Славик понял, что совершил тяжелую ошибку. До него дошло, что переноска декораций была хитрым предлогом, который придумал Митя, чтобы попасть во двор. Проникнуть сюда другим путем было невозможно. Боясь за декорации, ворота заперли, и остался только один ход — через сцену. И если возникнет подозрение, что ребята собираются лезть в подвал, Таня немедленно выставит всю компанию, и голубку Зорьку съест злющий старичок.
— Кого пороли? — допытывалась вожатая. — Кто такой Клешня?
— Это вас не касается, — сказал Славик, глядя на нее влюбленными глазами.
Он произнес эту фразу твердо, хотя понимал, что после такой дерзости должно произойти что-то ужасное.
Но ничего не произошло.
— Тебя как звать? — спросила Таня.
Славик промолчал.
— Огурец, — сказал Коська.
— Ладно тебе, — заступился за приятеля Митя. — Его звать Славик.
— Подумаешь!

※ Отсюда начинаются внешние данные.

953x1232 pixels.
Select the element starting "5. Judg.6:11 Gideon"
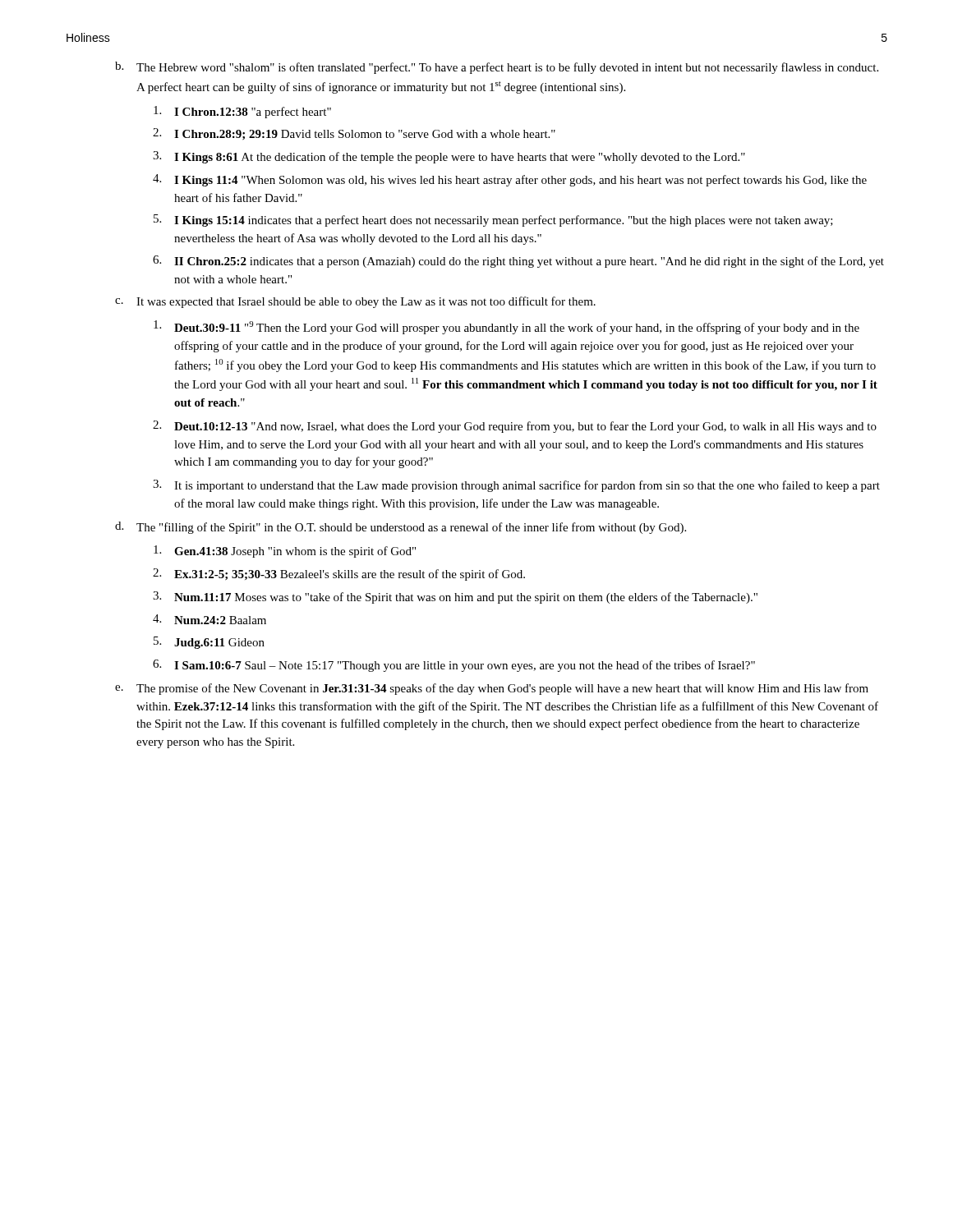209,643
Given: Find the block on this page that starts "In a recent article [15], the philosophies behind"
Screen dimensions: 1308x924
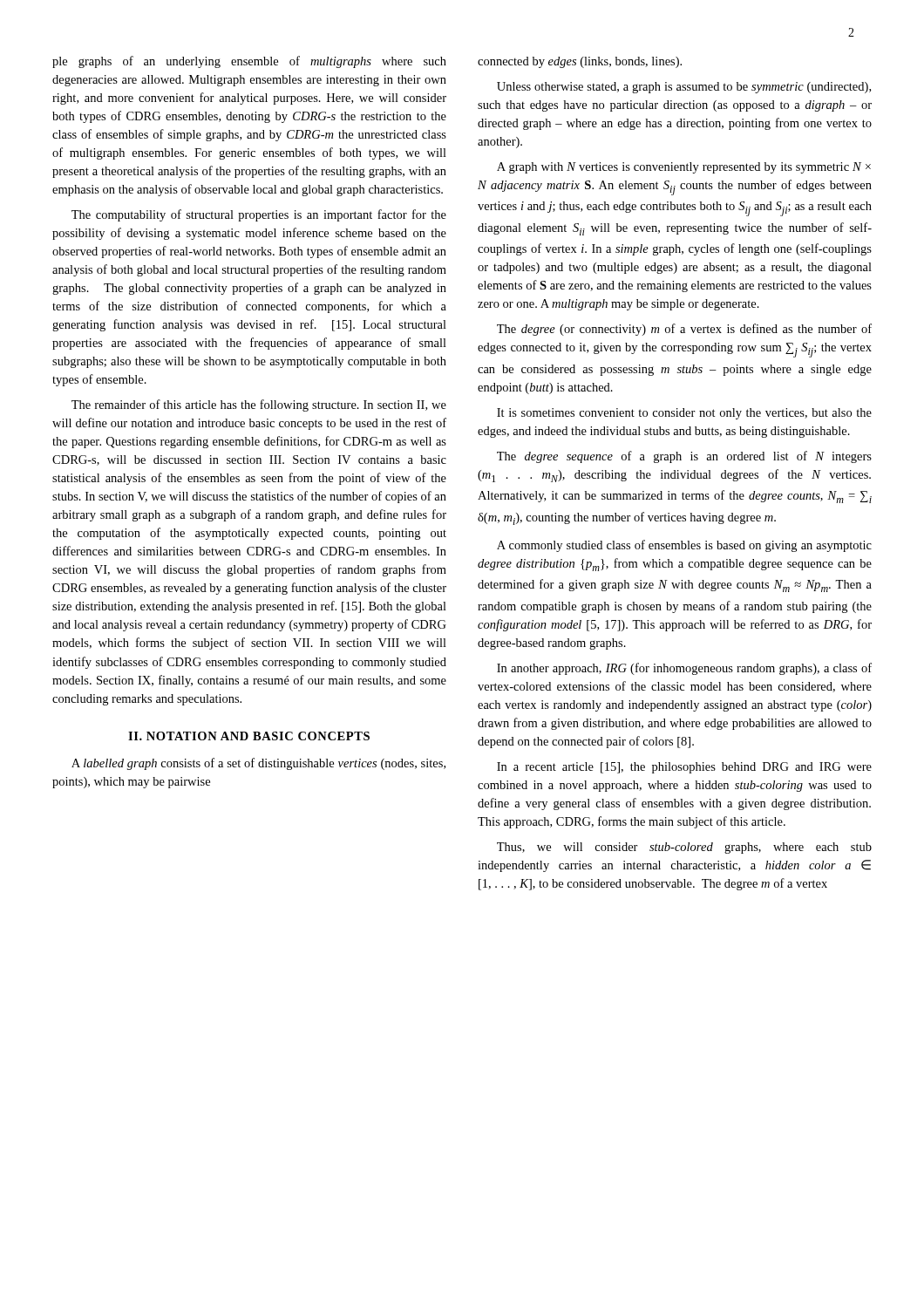Looking at the screenshot, I should (x=675, y=794).

Такой комар, а пузырится, — сказала Таня. — Ну-ка, встали по росту. Слушаем внимательно. Так. Ты, Славик, встань с краю.
Она достала блокнотик, прелестный узенький блокнотик, согнутый в дугу от лежания в грудном кармане, полистала его и объяснила, что и когда надо носить.
— Ну, мне пора! Я Кабаниху играю. «Что будет, как старики перемрут, — заговорила она старушечьим голосом, — как будет свет стоять, уж и не знаю…» Мне пузо во-о какое будут делать! Старшим будешь ты.
Она ткнула пальцем в Коську и, как мальчишка, побежала на сцену, а ребята стали разбирать тряпочные кусты, крашенные под бронзу деревянные подсвечники и картонные пенечки.
Порядок действий был принят такой: как только начнется пьеса, Митя полезет через форточку в подвал, отомкнет изнутри шпингалеты и отворит окно. Коська будет стоять на страже у арки ворот. Через окно Митя и Таракан натаскают бумаги, сколько поместится в наволочку.
Если явится вожатая или выйдет покурить пожарник, Коська должен свистеть на мотив «Цыпленок жареный».
— А я? — спросил Славик.
— А ты ступай Кабаниху глядеть, — гоготнул Коська. — Ей режиссер пузо будет делать.
Славик промолчал. Над ним имели право издеваться.
Прежде чем приниматься за форточку, Таракан дотошно обследовал обитую жестью дверь. Она была выкрашена суриком и заперта на два висячих замка — один в петлях, а второй замыкал длинную кованую накладку. Дверь не отворялась много лет. Суриком были вымазаны не только створки, но и оба замка.
— Клешня говорил, там душа обитает? — спросил Таракан глумливо. Он приник ухом к двери и прохрипел фальшивым голосом: — Сестренка не приходила?
Ребята затаились. Прошла полная минута. Лицо Таракана делалось все строже и строже.